Re:What if they don't comply? (1)

seriesrover (867969) | more than 7 years ago | (#19492733)

Yes it does sound like a troll. Can you please cite any policy from ANY company ANYWHERE that says "baby-fucking is ok since it increases shareholder value"? When you take someone's point and extend it by "lets just go all the way and see" you've basically lost the arguement - you're changing the parameters of what they say instead of debating what they said. Just because Yahoo (or Google or whoever) is operating in a country it doesnt mean they are sanctioning the governments policy of, in this case, in-human rights. They either exist in that country by the laws or they don't. End of story.


Yahoo is a large internet company - not a coup organisation. The current choice for them is to provide chinese citizens with a limited (partial censorship if you like) view on the world or none at all (full censorship). There is no free speech option here and no "baby-fucking for profit" inferences will change that.

Re:What if they don't comply? (1)

MBGMorden (803437) | more than 7 years ago | (#19490935)

You're confusing your logic. The unintelligent, non-human "company" is the only force that moves without reason nor care of consequences towards profit. The individual shareholders are indeed capable of using their wealth and power to further whatever goals, charities, or purposes they want.

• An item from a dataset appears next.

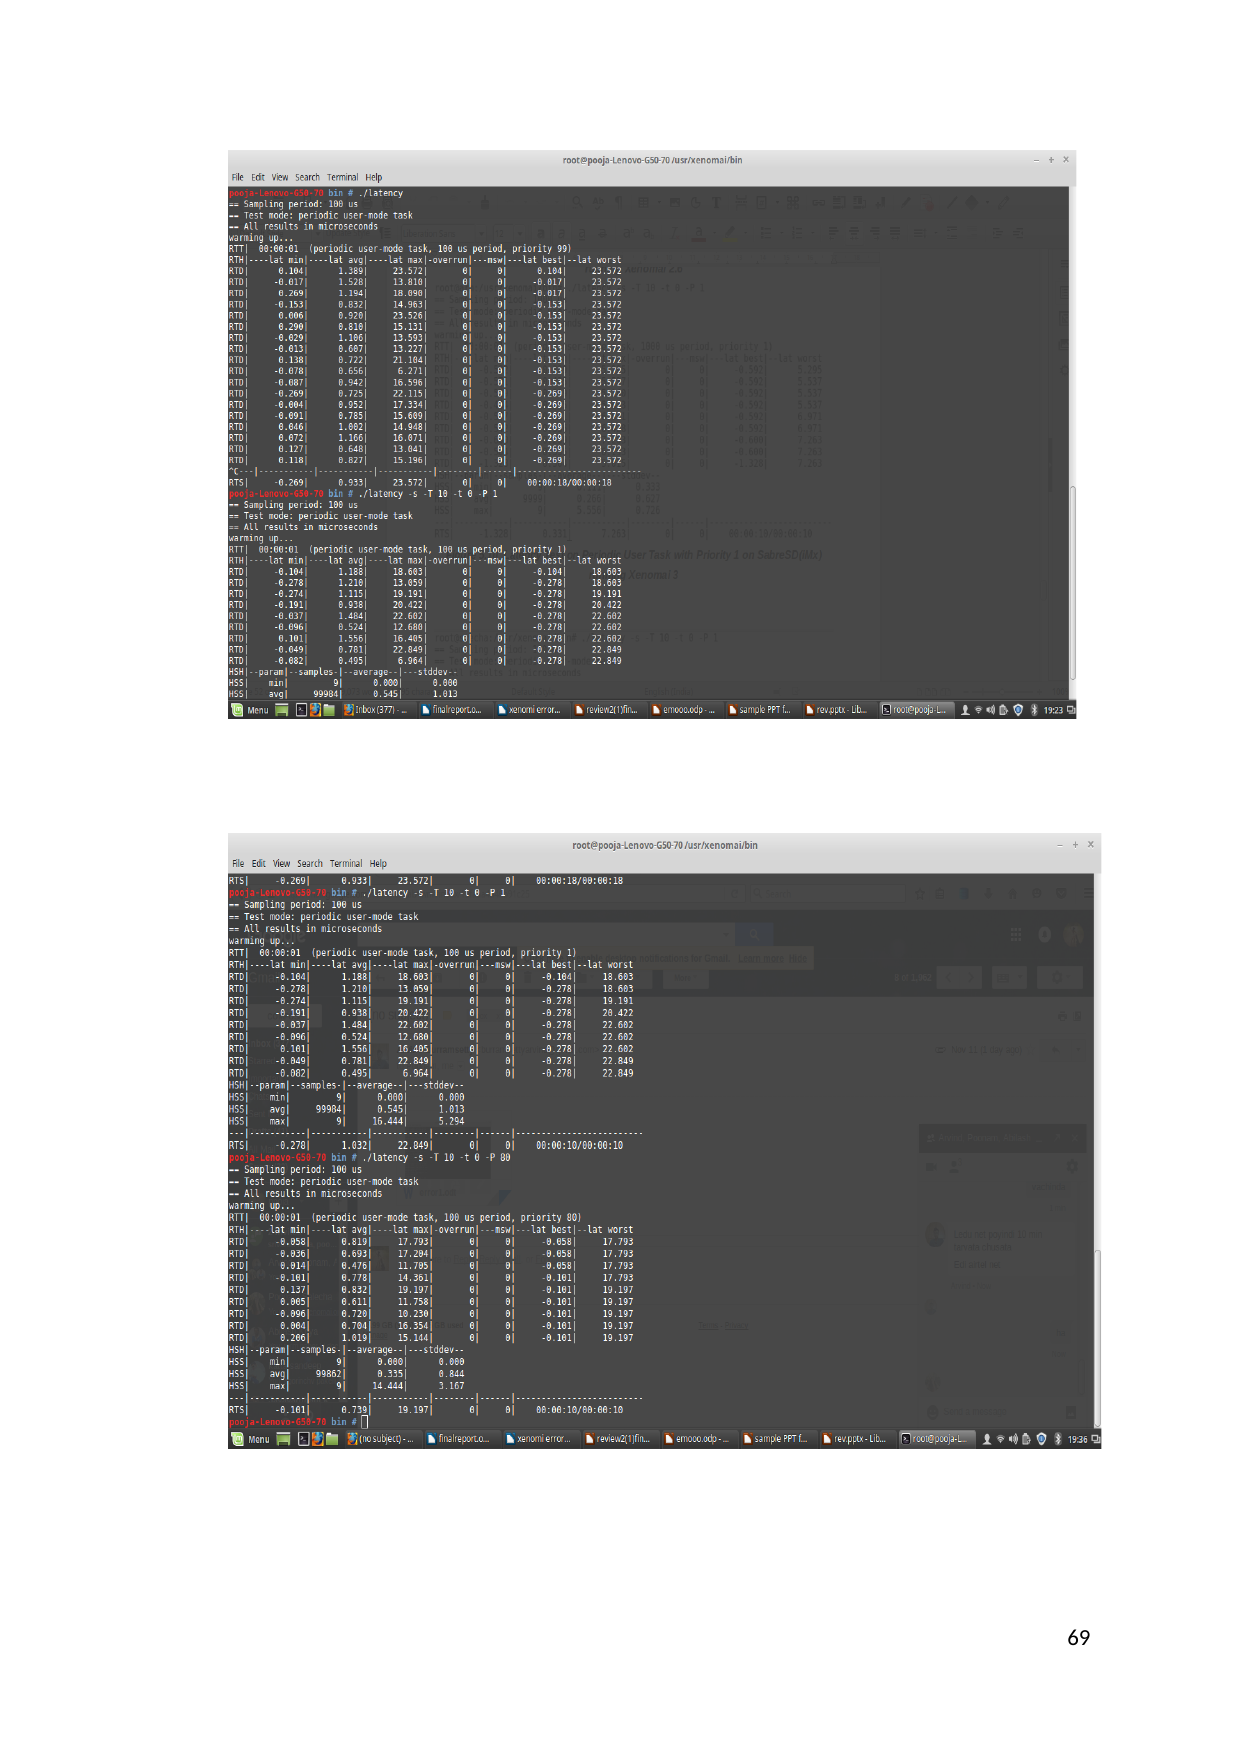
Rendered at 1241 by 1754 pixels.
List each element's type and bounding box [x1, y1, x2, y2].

Why is it that most people on here (and indeed, lots of places) go out of their way to justify just not giving a damn about other people? If we want to be selfish and care not for others, then just do it openly. The attempts at adding logic behind it are getting tiresome.

Re:What if they don't comply? (2, Informative)

Broken scope (973885) | more than 7 years ago | (#19490967)

Because company image can have significant impact on company profits?

Re:What if they don't comply? (1)

Applekid (993327) | more than 7 years ago | (#19491697)

Unless, somehow, they could generate more profit by being the only multinational corporation with a strong stance on censorship.

I think if Yahoo took that stand it'd be a great F.U. to Google. Whether that F.U. can turn into money down the road is anyone's guess.

Would you stop using Google things (maps, gmail, etc) if Yahoo had those tools AND were anti-censorship? It's ok... I don't know if I would either.

Re:What if they don't comply? (2, Insightful)

Mister Whirly (964219) | more than 7 years ago | (#19492073)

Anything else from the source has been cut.